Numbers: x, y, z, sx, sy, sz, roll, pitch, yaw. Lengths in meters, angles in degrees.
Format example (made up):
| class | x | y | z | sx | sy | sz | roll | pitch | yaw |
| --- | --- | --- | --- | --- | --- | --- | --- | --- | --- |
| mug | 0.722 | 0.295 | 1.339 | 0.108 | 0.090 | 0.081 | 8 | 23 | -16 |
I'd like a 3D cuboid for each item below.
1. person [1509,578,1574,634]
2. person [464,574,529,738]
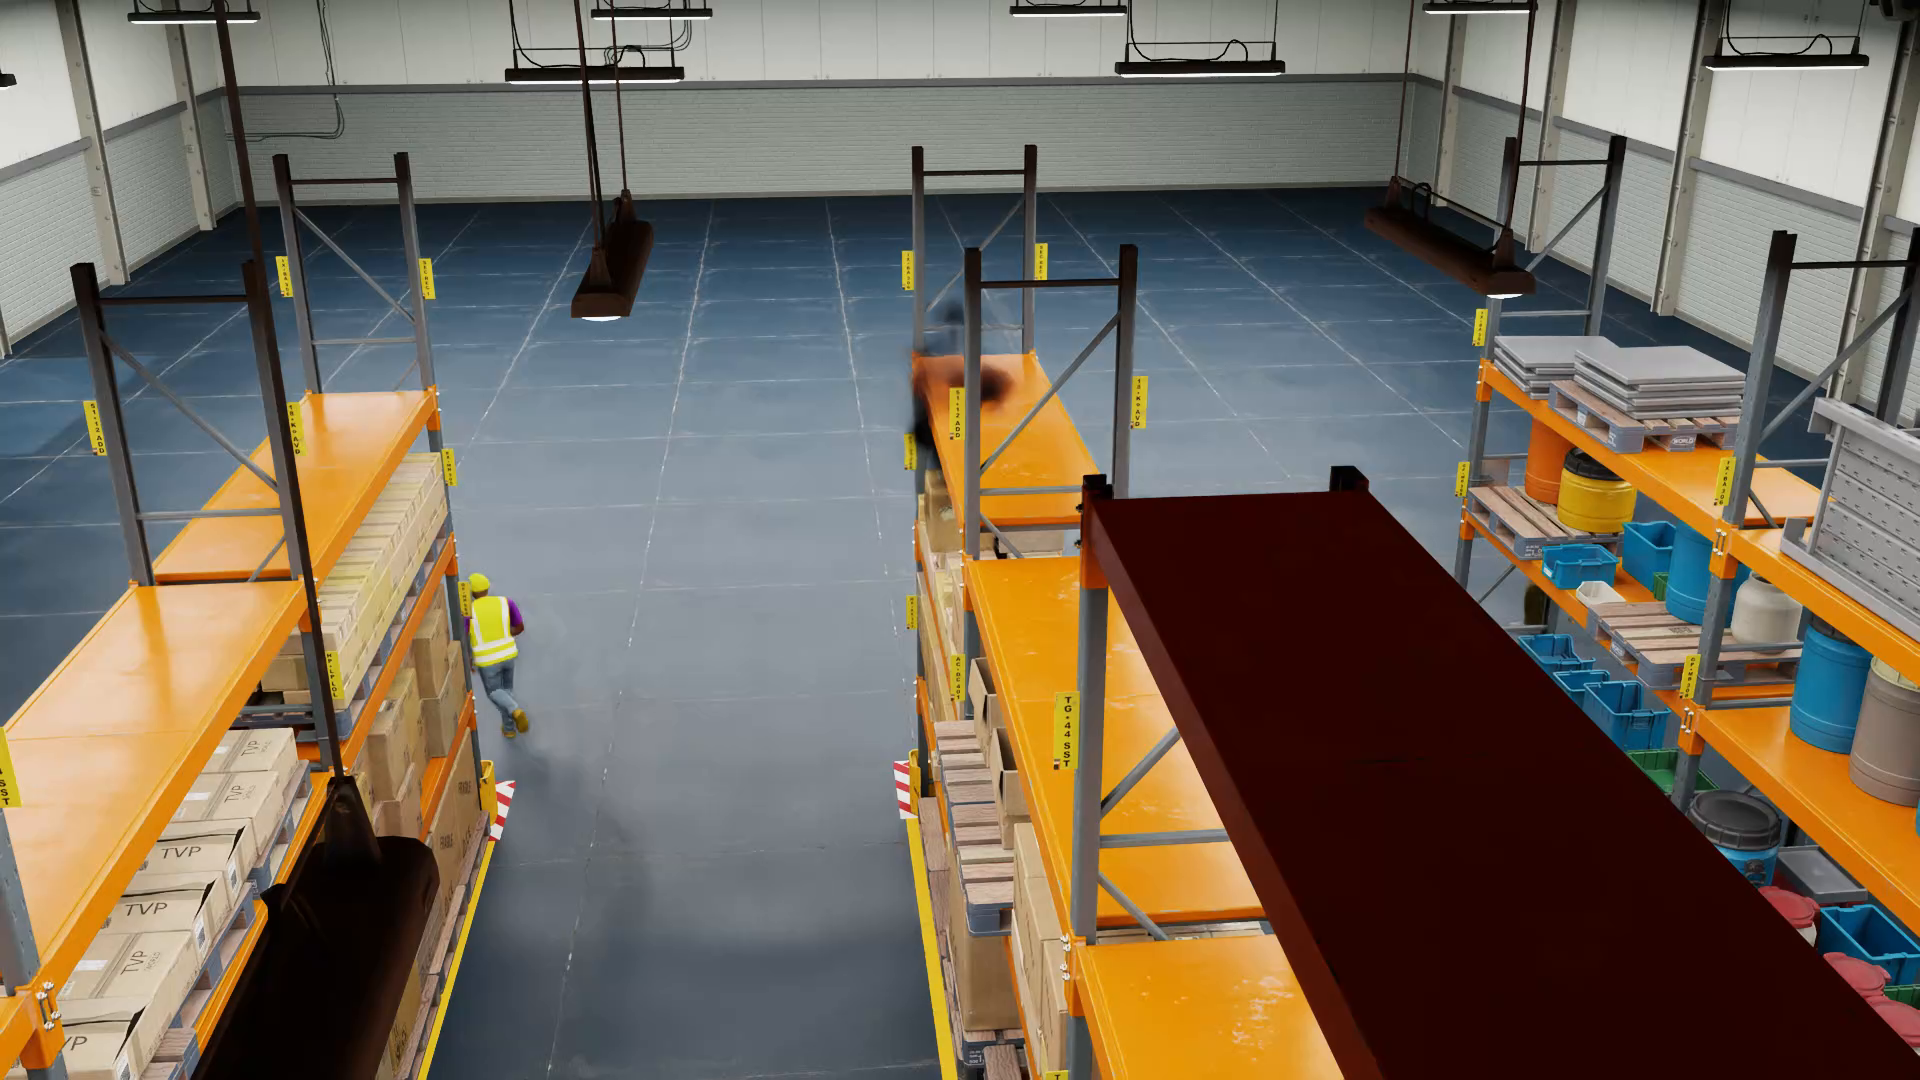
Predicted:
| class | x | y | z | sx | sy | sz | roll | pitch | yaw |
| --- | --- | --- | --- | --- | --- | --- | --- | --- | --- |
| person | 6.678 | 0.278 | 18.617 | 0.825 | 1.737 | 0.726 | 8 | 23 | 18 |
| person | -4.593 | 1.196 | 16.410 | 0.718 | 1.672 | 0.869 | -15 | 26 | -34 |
════════════════════
### What to work on
Give back an exact reproduction of the entries, with all pictures excluded.

### Written reply
Numbers: x, y, z, sx, sy, sz, roll, pitch, yaw. Lengths in meters, angles in degrees.
Format example (made up):
| class | x | y | z | sx | sy | sz | roll | pitch | yaw |
| --- | --- | --- | --- | --- | --- | --- | --- | --- | --- |
| mug | 0.722 | 0.295 | 1.339 | 0.108 | 0.090 | 0.081 | 8 | 23 | -16 |
I'd like a 3D cuboid for each item below.
1. person [1509,578,1574,634]
2. person [464,574,529,738]
Predicted:
| class | x | y | z | sx | sy | sz | roll | pitch | yaw |
| --- | --- | --- | --- | --- | --- | --- | --- | --- | --- |
| person | 6.678 | 0.278 | 18.617 | 0.825 | 1.737 | 0.726 | 8 | 23 | 18 |
| person | -4.593 | 1.196 | 16.410 | 0.718 | 1.672 | 0.869 | -15 | 26 | -34 |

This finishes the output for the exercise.